Edwin R. Quiles Rodríguez
Conferencia Magistral Federación Panamericana de Arquitectos
Mestizajes, Culturas y Creaciones”
Guadalupe
6-11 de Diciembre de 2004

Hacer arquitectura en estos tiempos de transición, en ruta hacia un cambio que si bien necesario, todavía no definimos con precisión, me provoca una mezcla de sensaciones encontradas y confusas. Esta presentación es un poco una confesión, un compartir mis propios demonios, pero también mis duendes- esas criaturas de mi ciudad interior que provocan el deseo, y una terrible esperanza de que estamos en un momento privilegiado donde, muy a pesar de todos los signos y señales de pérdida (de modelos y utopías), estamos construyendo un mundo mejor. De eso no tengo duda, como tampoco tengo duda de que los arquitectos estamos llamados a participar  en la creación de esta nueva Ciudad que se está gestando. Una ciudad más habitable e inclusiva donde pueda florecer una economía, una política, una cultura y una cotidianidad diferentes. Esto, a pesar de la distancia cada vez más abismal entre la cultura arquitectónica y la cultura popular, entre los cánones arquitectónicos aceptados y las cotidianidades de la inmensa, mayoría de la población. A pesar de que el diseño no se percibe como una fuerza esencial en la construcción de esta nueva sociedad.
Arropado por la globalización neoliberal, nuestro mundo resulta insostenible. Casi tres mil millones de personas viven con menos de dos dólares al día, mil doscientos millones carecen de acceso a agua potable y dos mil cuatrocientos millones carecen de saneamiento y desagües cloacales, seres humanos obligados a vivir bajo condiciones cada vez más precarias y desiguales.  Una parte creciente de la población, incapaz de ser absorbida por el nuevo orden económico se convierte en excedente, gente que, a decir del escritor argentino Ernesto Sábato, ya no están ni siquiera abajo en la pirámide social sino afuera.
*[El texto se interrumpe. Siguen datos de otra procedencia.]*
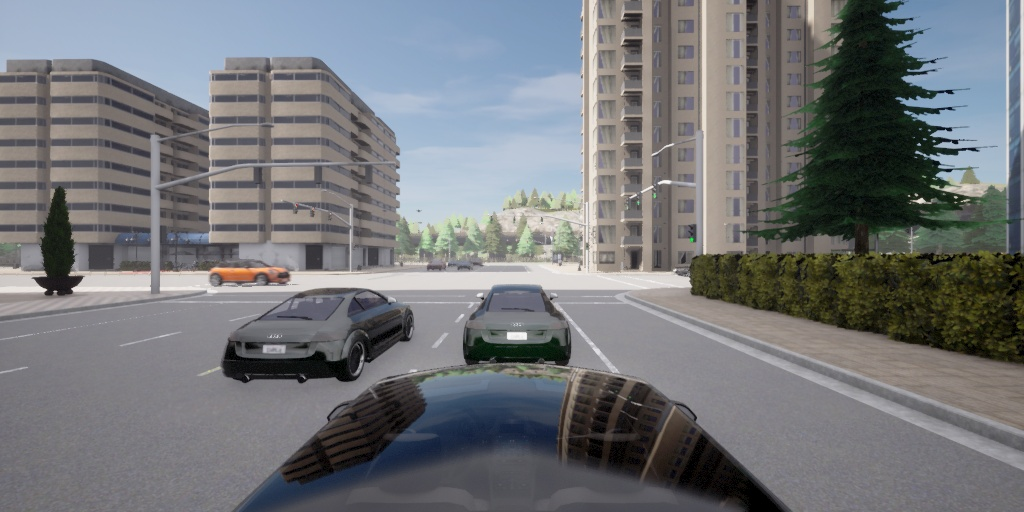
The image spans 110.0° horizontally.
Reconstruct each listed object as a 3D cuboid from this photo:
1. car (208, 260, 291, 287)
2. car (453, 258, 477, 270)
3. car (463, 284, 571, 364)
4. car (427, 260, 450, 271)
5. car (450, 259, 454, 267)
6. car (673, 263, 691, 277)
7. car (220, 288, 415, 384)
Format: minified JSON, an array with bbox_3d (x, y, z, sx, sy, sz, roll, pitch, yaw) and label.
[{"bbox_3d":[-17.449,1.047,24.031,4.553,1.767,2.097,0,0,1],"label":"car"},{"bbox_3d":[-6.682,1.297,51.829,2.033,1.411,5.357,0,0,1],"label":"car"},{"bbox_3d":[0.113,1.314,8.036,1.994,1.385,4.181,0,0,1],"label":"car"},{"bbox_3d":[-10.212,1.227,48.792,1.882,1.535,5.008,0,0,1],"label":"car"},{"bbox_3d":[-10.063,1.297,63.098,2.033,1.411,5.357,0,0,1],"label":"car"},{"bbox_3d":[17.865,1.239,33.991,4.902,1.511,2.128,0,0,1],"label":"car"},{"bbox_3d":[-3.399,1.314,7.179,1.994,1.385,4.181,0,0,1],"label":"car"}]
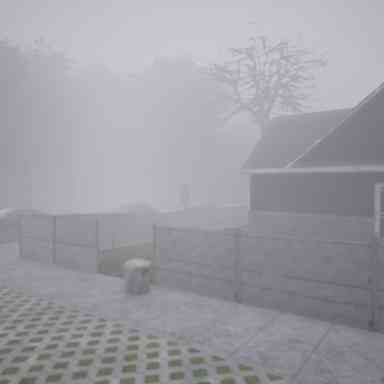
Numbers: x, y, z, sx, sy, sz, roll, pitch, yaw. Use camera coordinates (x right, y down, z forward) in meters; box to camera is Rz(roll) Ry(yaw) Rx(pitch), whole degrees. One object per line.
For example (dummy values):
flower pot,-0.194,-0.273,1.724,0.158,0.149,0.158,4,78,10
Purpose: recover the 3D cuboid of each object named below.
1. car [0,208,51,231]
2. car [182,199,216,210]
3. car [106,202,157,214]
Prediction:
car,-10.697,1.681,19.971,1.812,1.442,4.674,1,1,36
car,0.836,1.546,36.046,1.812,1.442,4.674,1,2,36
car,-5.031,1.638,27.875,1.837,1.490,4.892,1,1,36
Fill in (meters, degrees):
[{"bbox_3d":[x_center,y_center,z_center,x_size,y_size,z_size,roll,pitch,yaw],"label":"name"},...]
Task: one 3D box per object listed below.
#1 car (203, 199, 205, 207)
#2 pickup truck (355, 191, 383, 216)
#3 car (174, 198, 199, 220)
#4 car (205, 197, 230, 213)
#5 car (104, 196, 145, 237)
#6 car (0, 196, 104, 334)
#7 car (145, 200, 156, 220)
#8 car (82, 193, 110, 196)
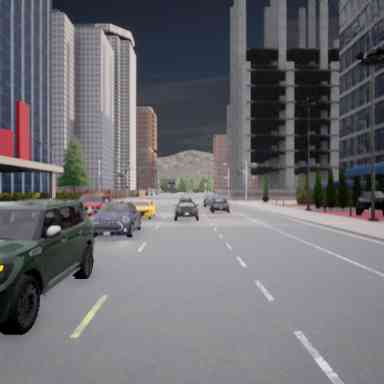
[{"bbox_3d":[2.552,1.413,47.081,2.033,1.411,5.357,0,0,-1],"label":"car"},{"bbox_3d":[16.030,0.971,29.560,2.390,2.098,6.274,0,0,29],"label":"pickup truck"},{"bbox_3d":[-0.444,1.449,27.129,1.812,1.442,4.674,0,0,-1],"label":"car"},{"bbox_3d":[2.844,1.391,35.147,2.128,1.511,4.902,0,0,-1],"label":"car"},{"bbox_3d":[-3.931,1.303,17.426,2.097,1.767,4.553,0,0,-1],"label":"car"},{"bbox_3d":[-3.709,1.204,7.039,2.150,2.045,5.566,0,0,-1],"label":"car"},{"bbox_3d":[-4.136,1.400,27.743,1.882,1.535,5.008,0,0,-1],"label":"car"},{"bbox_3d":[-7.512,1.136,25.528,2.150,2.045,5.566,0,0,-1],"label":"car"}]
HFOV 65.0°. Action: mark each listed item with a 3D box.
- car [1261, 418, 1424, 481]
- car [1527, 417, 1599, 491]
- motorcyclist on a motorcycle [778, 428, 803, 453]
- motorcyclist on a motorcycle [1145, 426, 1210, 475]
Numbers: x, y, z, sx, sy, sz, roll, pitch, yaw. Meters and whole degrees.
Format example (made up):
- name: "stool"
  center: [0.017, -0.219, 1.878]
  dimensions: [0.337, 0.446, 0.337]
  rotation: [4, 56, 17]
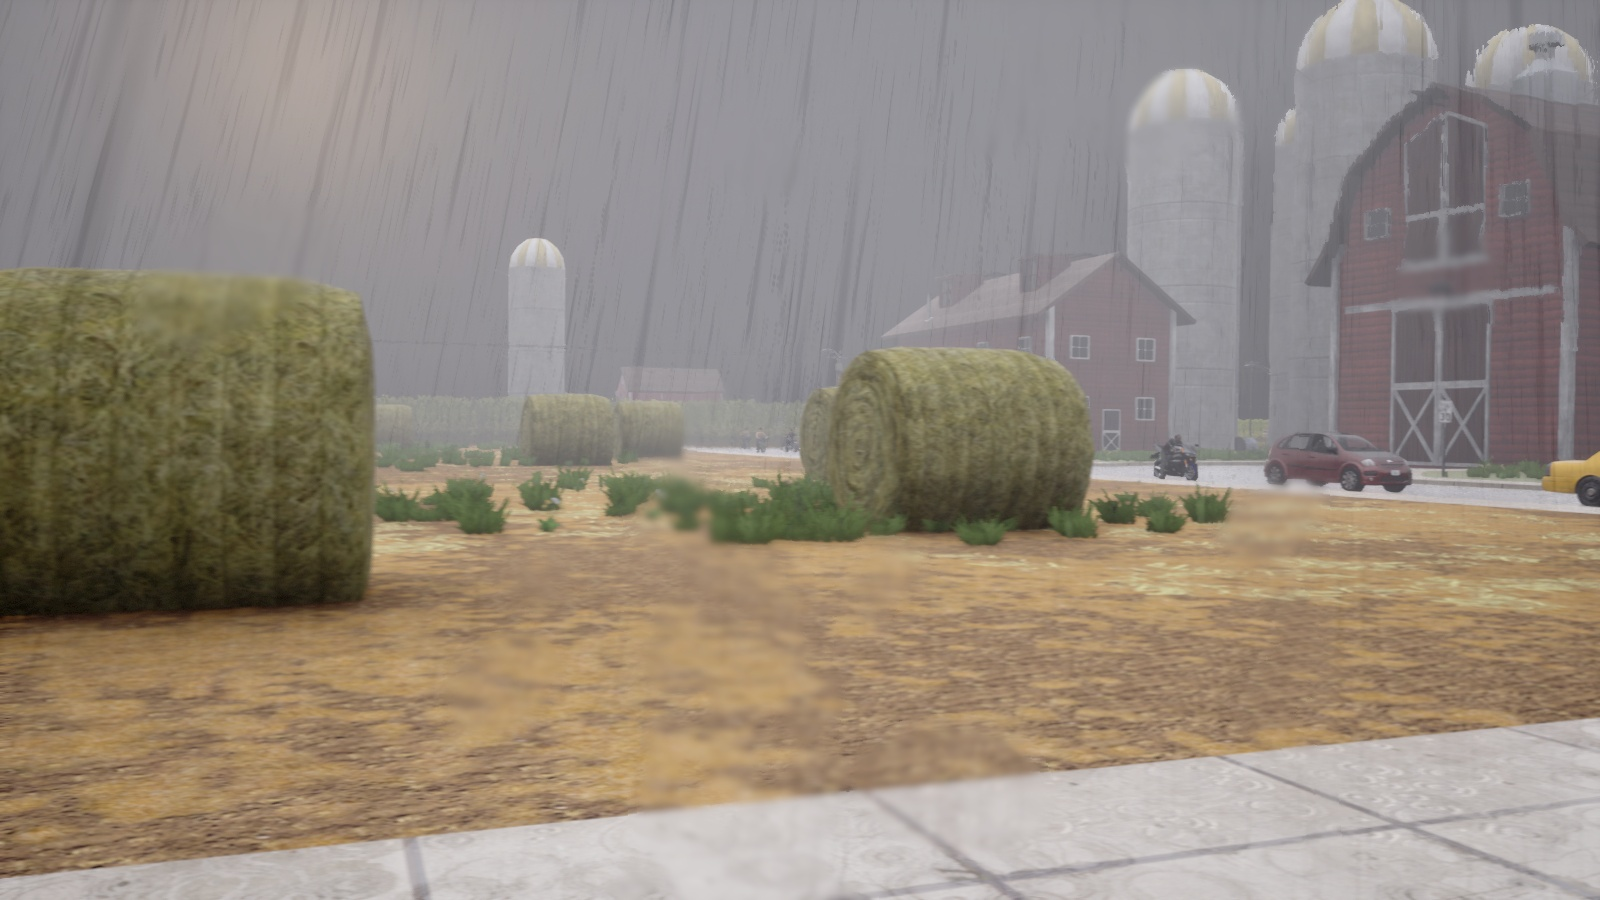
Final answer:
- name: "car"
  center: [14.872, -0.056, 34.670]
  dimensions: [1.851, 1.617, 3.988]
  rotation: [-1, 1, -22]
- name: "car"
  center: [18.260, 0.083, 26.213]
  dimensions: [1.801, 1.575, 5.366]
  rotation: [-1, 1, -22]
- name: "motorcyclist on a motorcycle"
  center: [-0.632, -0.618, 82.774]
  dimensions: [0.766, 1.649, 2.350]
  rotation: [-1, 1, -22]
- name: "motorcyclist on a motorcycle"
  center: [12.319, 0.004, 41.045]
  dimensions: [0.866, 1.530, 2.191]
  rotation: [-1, 1, -22]

Mientras, el 20% de la población, asociada a la gran burguesía transnacional se apropia del 83% de PBI mundial y los activos de los tres principales multimillonarios son superiores al PBI combinado de los países más subdesarrollados y sus seiscientos millones de habitantes (Borón). Según el World Bank en el año 2100, la población del globo alcanzará los 11 mil millones. De estos, 7 mil serán pobres (Segre).  En las ciudades, la llamada parte informal no goza de los mismos beneficios de la vida urbana como el acceso a infraestructura y servicios. Sus residentes viven bajo la amenaza continua del desalojo y no cualifican para financiamiento convencional, lo que dificulta el mejoramiento de sus viviendas y sus comunidades.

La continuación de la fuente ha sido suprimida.